It's wheat harvest in Kansas. Combines roll out from their winter seclusion and one lane roads make way for the wide berth of headers and rumbling grain trucks. Golden plumes of wheat dust rise above John Deere green on the prairie landscape, and the co-op hums a harvest tune as grain is weighed and emptied from beds.
Farming is a serious thing. And it's a family thing. Each person plays a role in a successful harvest, whether it's bringing meals to the field, cutting the wheat or hauling it to town. It takes sunshine and hot temperatures, sweat and tolerance, patience and perseverance. And it takes faith. Faith that crops survive and thrive through the elements of a sometimes harsh climate. Faith that machines will make it through the seasons. Faith to plant again, even after hail, freeze or drought steals away the hope and plans of the here and now.
I watch as the combine cuts a wide swath; the wheat heads succumbing to the sharp teeth that pull them up into the bin as an ever-growing patch
of stubble trails behind. Its belly now full, the powerful machine rolls across the stiff stalks - heads up - as the auger swings to the side. The grain is lifted through the shoot and pours into the truck's bed like golden rain, skirting into every corner. Now empty, the combine returns to the field for another round. The grain truck makes its way to the elevator while the farmer hopes for low
moisture and high bushels for his acreage.
Most years it is an exciting time. Men gather in the morning for coffee while its too wet to cut to discuss prices and problems and help one another out when someone gets behind or falls ill. Mid-day sees a flurry of activity as the monstrous machines consume the wheat and everyone gives right of way to those who provide our bread.
This year has been different. It was a difficult spring. A late freeze did major damage to the crops. Add strong winds and flooding and the results are sobering. Many of the farmers are discing their fields, burning them off and taking their losses this season. Others are cutting at 1/3 of what they normally bring. There is insurance, but it doesn't cover the hours of toil, the hopes, the dreams. It is only monetary and cannot take away discouragement or give back time.
If it were anyone else, any other job, it would be over. Terminated. I quit. But it is the American farmer; people who are stoic and strong, who may stumble at times, but always, carry on. It isn't just a job, it's their living - their life. So it has been since the pioneers walked their rows, laden with thick straps across clumsy oxen and so it shall continue. It is a right of passage, a legacy that is carried proudly from generation to generation.
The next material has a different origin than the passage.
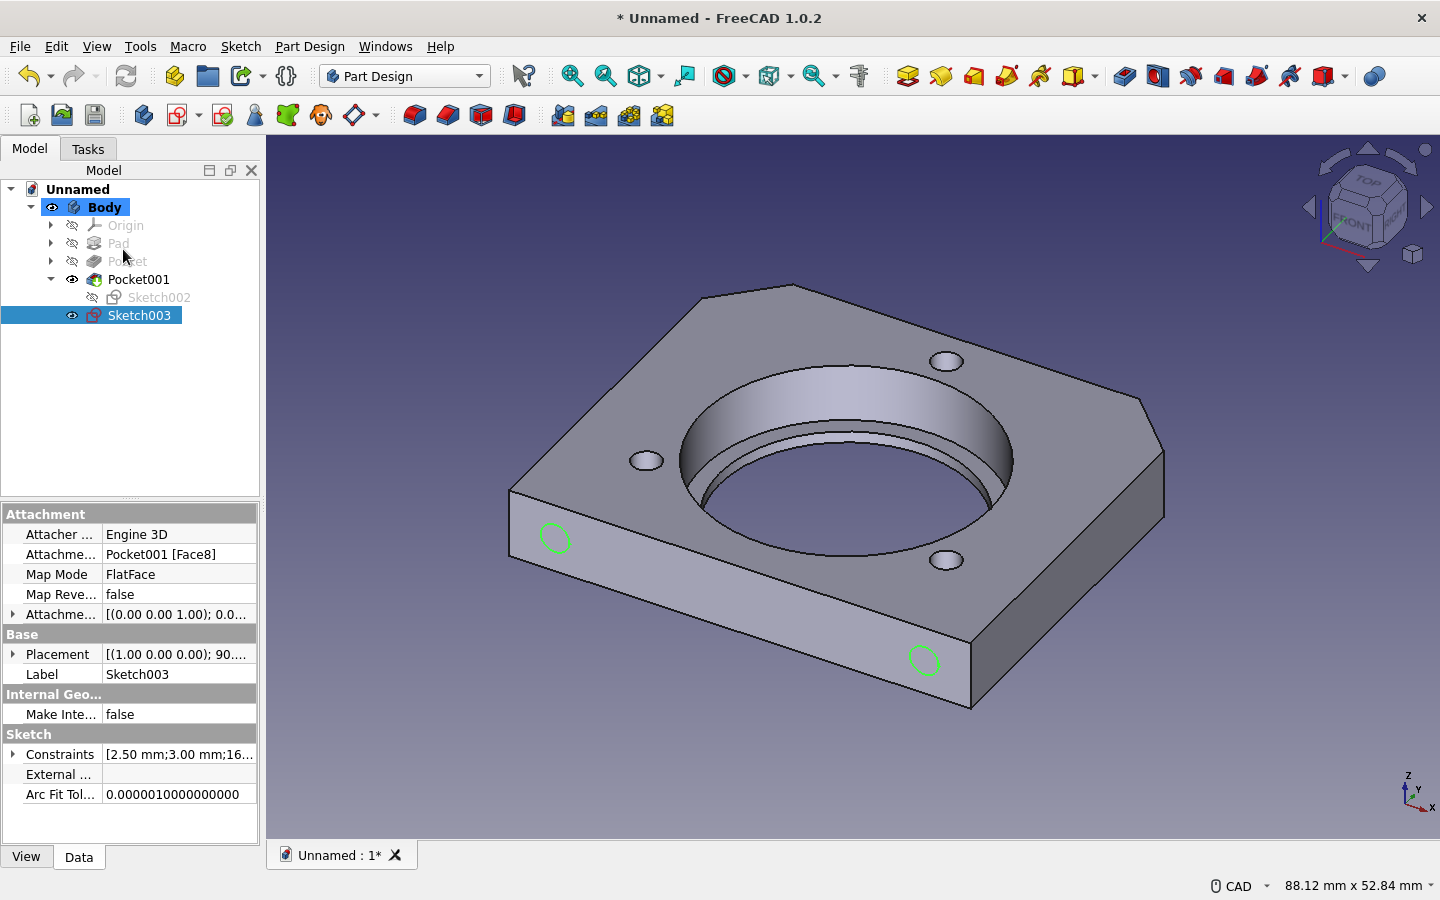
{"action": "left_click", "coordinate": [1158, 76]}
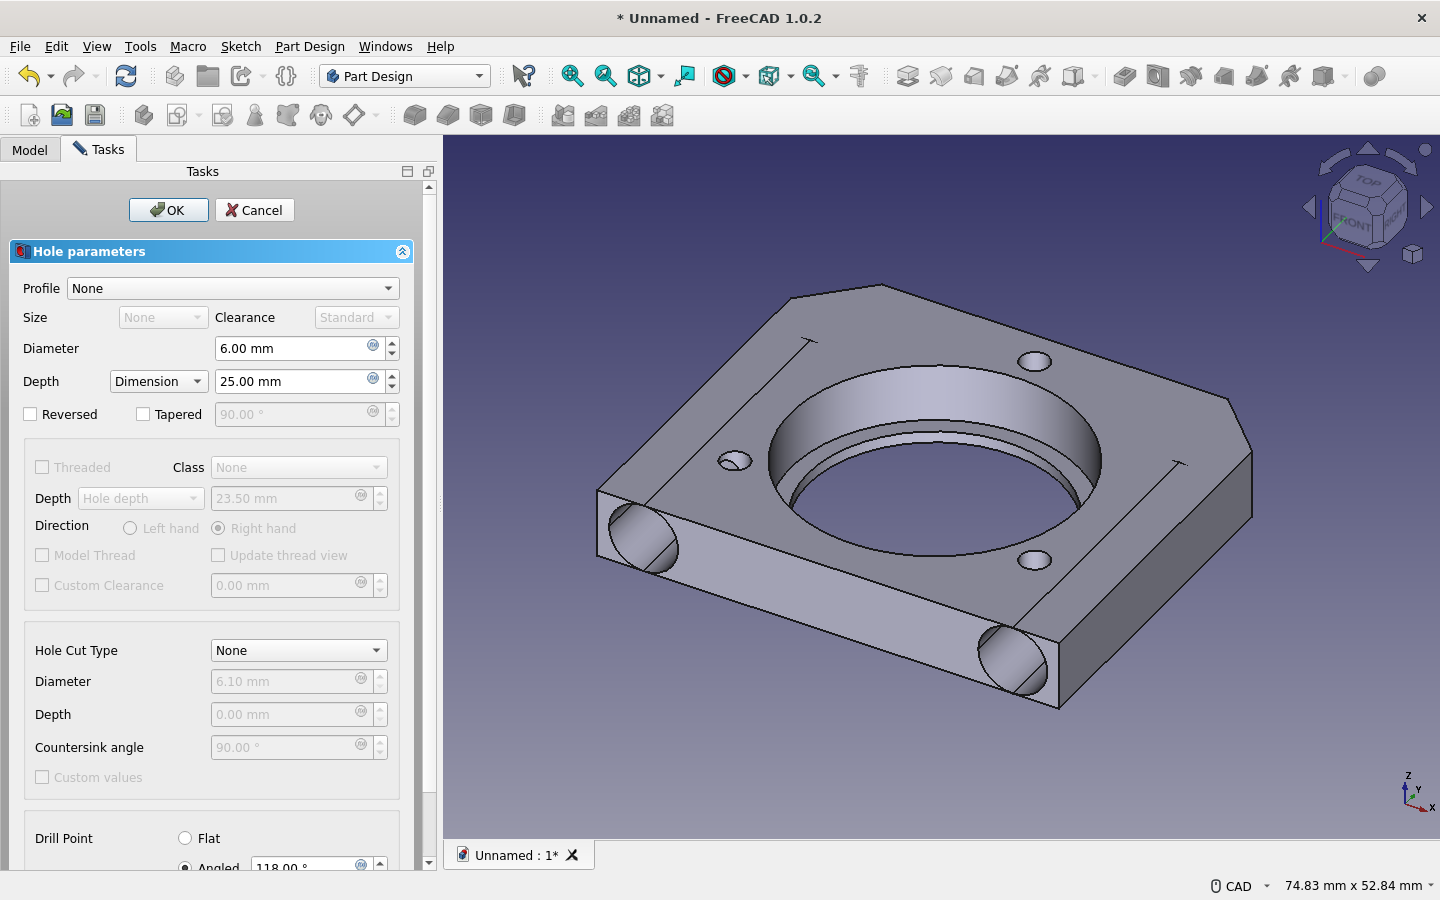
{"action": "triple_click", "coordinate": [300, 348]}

The first line of the FFA Creed states it best:
"I believe in the future of agriculture, with a faith born not of words, but of deeds."
There is another generation that believes in their future of working the land and raising livestock. The faith doesn't come from lofty promises with gilt-rimmed edges, but from watching and learning from parents and grandparents and from working alongside of them. They see the reward of contribution to the world and togetherness of a family. They look ahead and believe that the days of sunshine will outweigh the days of darkness. Despite the setbacks, despite the odds, they love the land and their heritage. It is a faith not just born, but alive and filled with hope.
The American Farmer. God bless them.